Elegem a mentira como arma política e valorizam mais a perceção que têm do mundo do que os factos. Donald Trump e Jair Bolsonaro parecem alunos da mesma escola. O Expresso ouviu três estudiosos da governação do norte-americano e confrontou-os com o fenómeno Bolsonaro. Há mais diferenças do que semelhanças, concordam. Mas as frases de ambos são parecidas

Exploração do ódio e de notícias falsas (“fake news”) para fins eleitorais, narrativa anti-media e anti-sistema, discurso intolerante, populista e demagógico. As semelhanças entre Donald Trump e Jair Bolsonaro são óbvias, mas há mais diferenças do que, à primeira vista, se pode pensar.
“Trump é um extremista sonso: insulta, depois diz que não insultou e culpa os media por terem deturpado o que disse de forma inequívoca”, explica Germano Almeida, autor do livro “Isto não é bem um Presidente dos EUA” (Prime Books), que chegará às bancas na segunda semana de novembro. “Bolsonaro é pior: mais gráfico na violência, mais assumido na rejeição do sistema e das regras democráticas, mais demagógico no populismo, ainda mais primário no discurso.”
Recentemente, numa entrevista à BBC Brasil, Steve Bannon, que liderou a campanha de Donald Trump e foi o grande mentor do discurso nacionalista do magnata, não poupou nos adjetivos a Bolsonaro: “líder”, “brilhante”, “sofisticado”. “Muito parecido” com Trump.
Durante meses, no Brasil, especulou-se sobre se Bannon iria integrar a equipa de Bolsonaro. Para esse ruído muito contribuiu um tweet de um dos filhos do ex-militar, após um encontro em Nova Iorque. “Foi um prazer conhecer Steve Bannon, estratega na campanha presidencial de Donald Trump. Tivemos uma ótima conversa e partilhamos a mesma visão do mundo. Ele afirmou-se um entusiasta da campanha de Bolsonaro e ficamos em contacto para unir esforços, especialmente contra o marxismo cultural.”
It was a pleasure to meet STEVE BANNON,strategist in Donald Trump's presidential campaign.We had a great conversation and we share the same worldview.He said be an enthusiast of Bolsonaro's campaign and we are certainly in touch to join forces,especially against cultural marxism. pic.twitter.com/ceHoui6FH5
— Eduardo Bolsonaro🇧🇷 (@BolsonaroSP) August 4, 2018
É o próprio Bolsonaro quem diz ser “uma espécie de discípulo de Donald Trump”, recorda Diana Soller, autora do livro “O método no caos” (Dom Quixote), juntamente com Tiago Moreira de Sá. “Ele é o primeiro a dizer que está a seguir as pisadas de Trump para conquistar a presidência do Brasil. Diz, inclusive, que está disposto a mudar profundamente a política externa brasileira no sentido de uma aliança com os Estados Unidos.”

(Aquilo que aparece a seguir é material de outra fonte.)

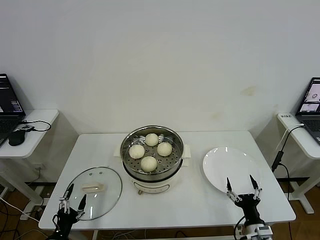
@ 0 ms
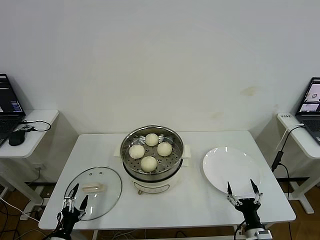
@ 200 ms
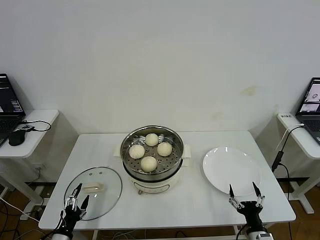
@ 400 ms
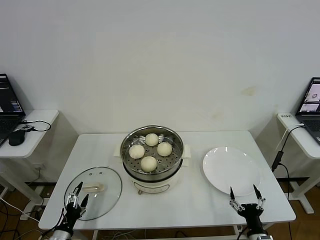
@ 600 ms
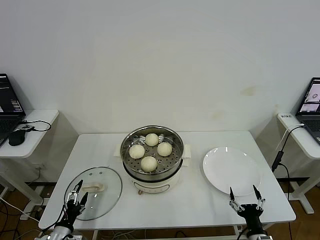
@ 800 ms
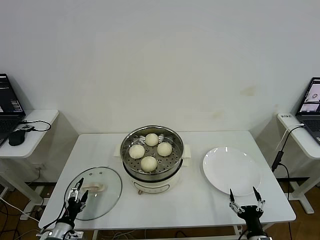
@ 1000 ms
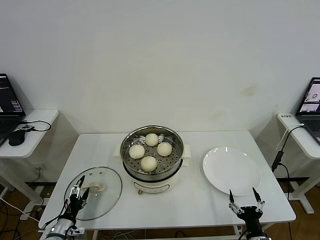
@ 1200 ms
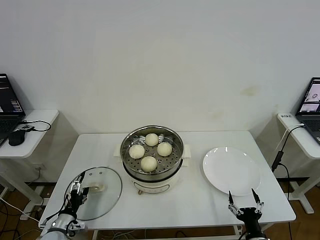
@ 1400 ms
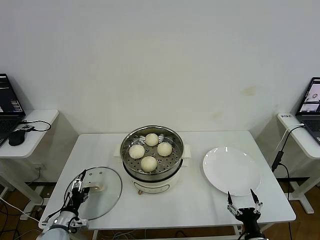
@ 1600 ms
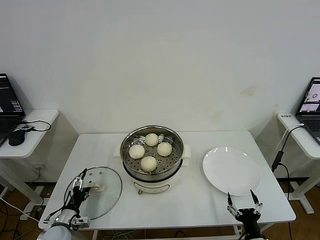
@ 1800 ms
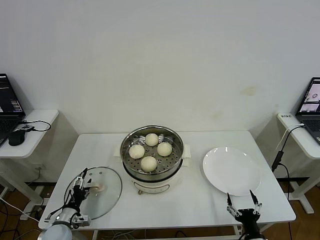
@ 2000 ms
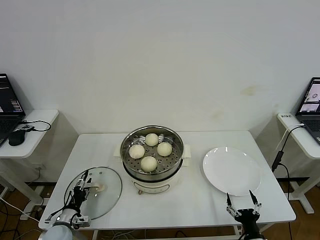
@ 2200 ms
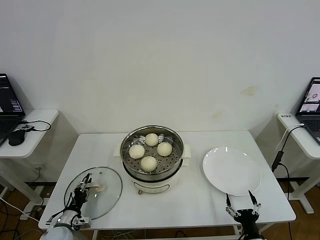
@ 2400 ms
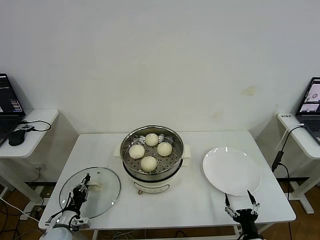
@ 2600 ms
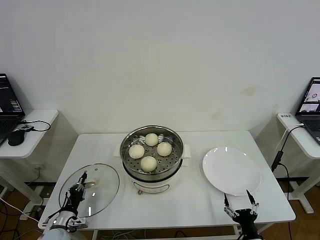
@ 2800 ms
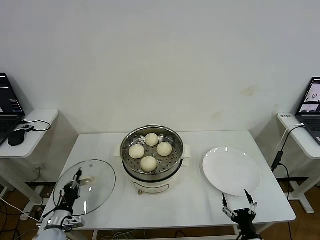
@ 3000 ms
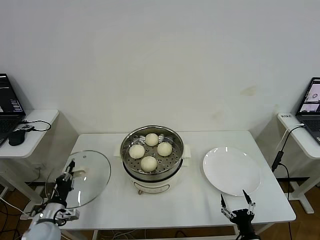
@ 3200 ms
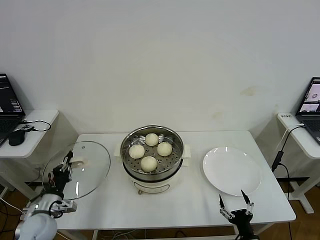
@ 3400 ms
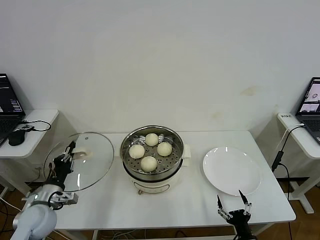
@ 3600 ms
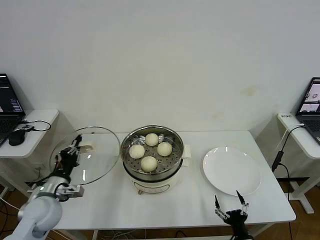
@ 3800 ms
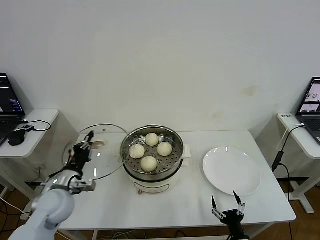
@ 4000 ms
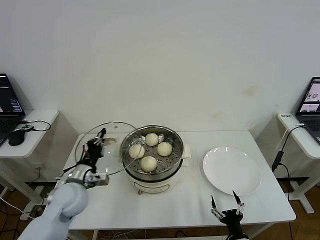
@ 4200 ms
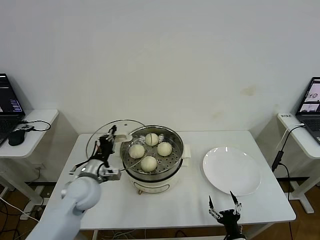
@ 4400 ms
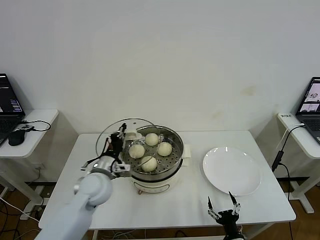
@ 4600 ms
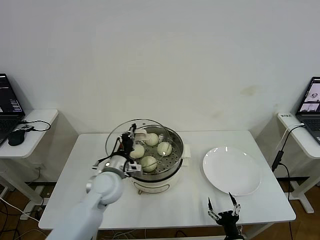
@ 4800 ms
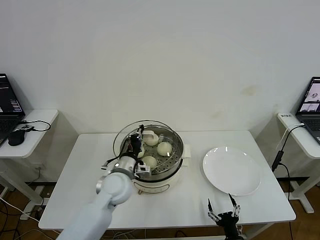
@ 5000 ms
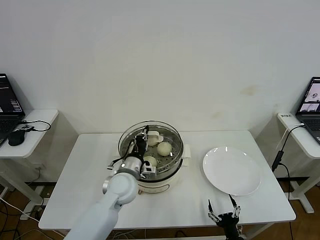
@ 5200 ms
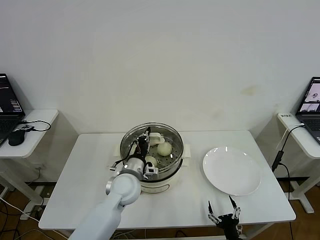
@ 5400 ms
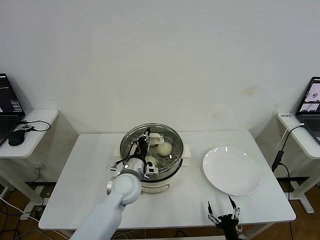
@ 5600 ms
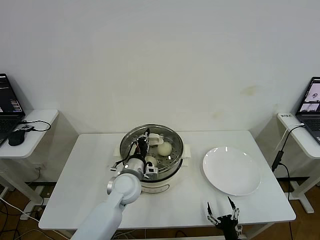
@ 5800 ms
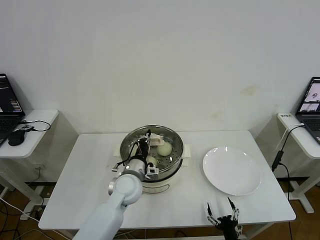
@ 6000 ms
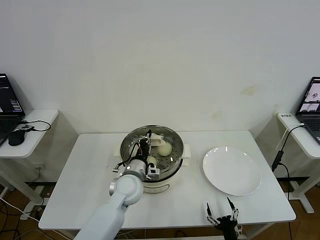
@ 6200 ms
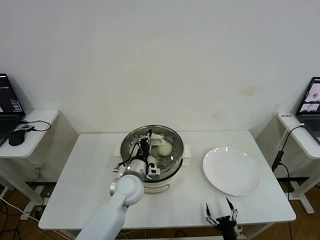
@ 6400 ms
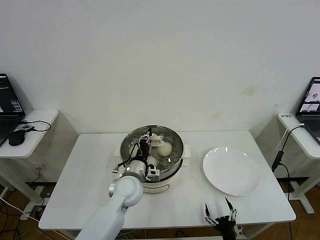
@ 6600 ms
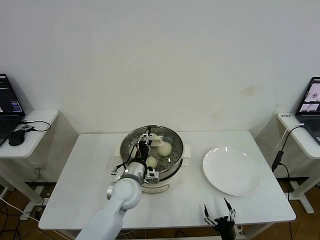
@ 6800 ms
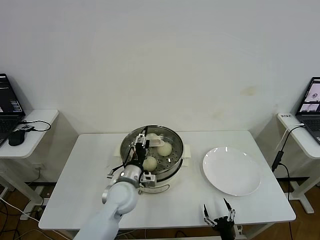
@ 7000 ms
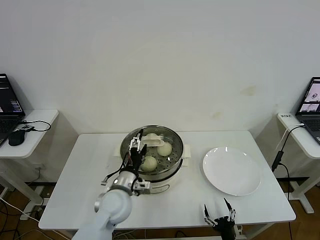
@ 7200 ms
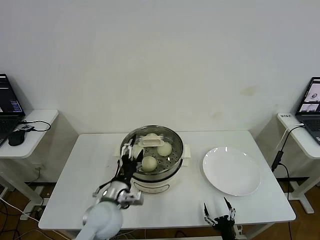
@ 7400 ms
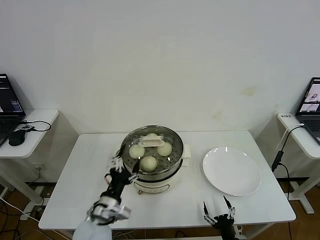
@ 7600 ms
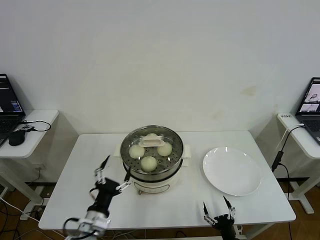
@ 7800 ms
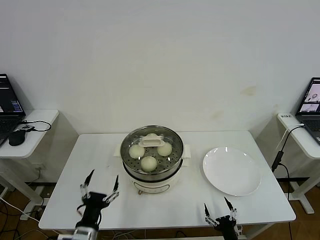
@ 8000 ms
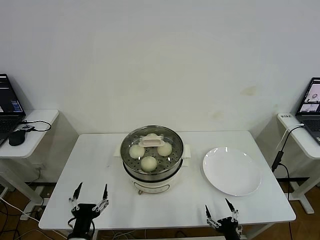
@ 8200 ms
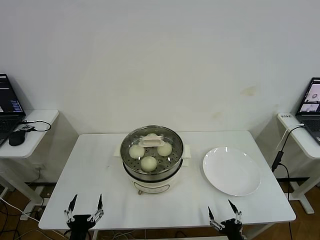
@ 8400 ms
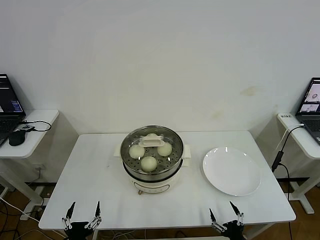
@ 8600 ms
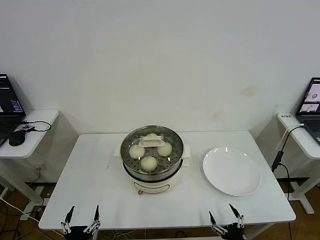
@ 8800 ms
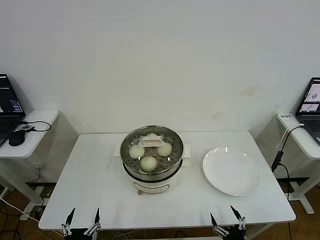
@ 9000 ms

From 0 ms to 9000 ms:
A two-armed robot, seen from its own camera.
Step, from 0 ms to 2800 ms: Grasp the pot lid with left gripper.
Step, from 3000 ms to 6800 ms: Place the pot lid on the steamer with left gripper.
From 0 ms to 1600 ms: The left gripper heads forward, covering roughly 10 cm.
From 1600 ms to 3000 ms: The left gripper closes up.
From 3000 ms to 4400 ms: The left gripper travels upward, to the right and forward by approximately 25 cm.
From 4400 ms to 6000 ms: The left gripper shifts about 15 cm to the right.
From 6000 ms to 7600 ms: The left gripper heads backward and to the left, covering about 15 cm, and opens its fingers.
From 7600 ms to 9000 ms: The left gripper goes roughly 20 cm backward, downward and to the left; the right gripper ends up about 5 cm from where it was.

Aproveitando momentos de fragilidade social nos respetivos países, Trump e Bolsonaro, dois estranhos à política — o segundo um deputado federal desde 1991 sem trabalho digno de nota —, lançaram-se numa escalada do poder, “dizendo aos respetivos povos que vão fazer as mudanças por que eles verdadeiramente anseiam”, diz Diana Soller. “No fundo, dizem às pessoas aquilo que elas querem ouvir”, independentemente da honestidade com que o fazem.
“Trump pintou os EUA muito piores do que, na realidade, eles são. A América não precisa de ser ‘grande outra vez’ porque nunca deixou de o ser. Bolsonaro só precisou de surfar a onda do medo e da raiva, porque, na verdade, a coisa no Brasil ‘está mesmo preta’”, acrescenta Germano Almeida. “Trump assusta porque é Presidente da maior potência do mundo. Mas o sucesso de Bolsonaro é ainda mais assustador e difícil de compreender.”
Eduardo Paz Ferreira, autor do livro “Os anos Trump — O mundo em transe” (Gradiva), recentemente editado, não se alarga nas parecenças entre o chefe de Estado norte-americano e o candidato da extrema-direita brasileira. “Muitas táticas eleitorais, das ‘fake news’ à manipulação das redes sociais, foram comuns, mas eu não levaria muito mais longe as semelhanças.”
E explica porquê: “O Brasil [uma democracia desde 1985] é um país castigado pela mais profunda miséria, onde os coronéis foram sempre o rosto da democracia ou então os generais nos tempos da ditadura. Nos Estados Unidos [uma democracia desde a Declaração da Independência, em 1776] há uma tradição democrática, que passa por um período especialmente mau, mas que é difícil admitir que possa ser totalmente extinta.”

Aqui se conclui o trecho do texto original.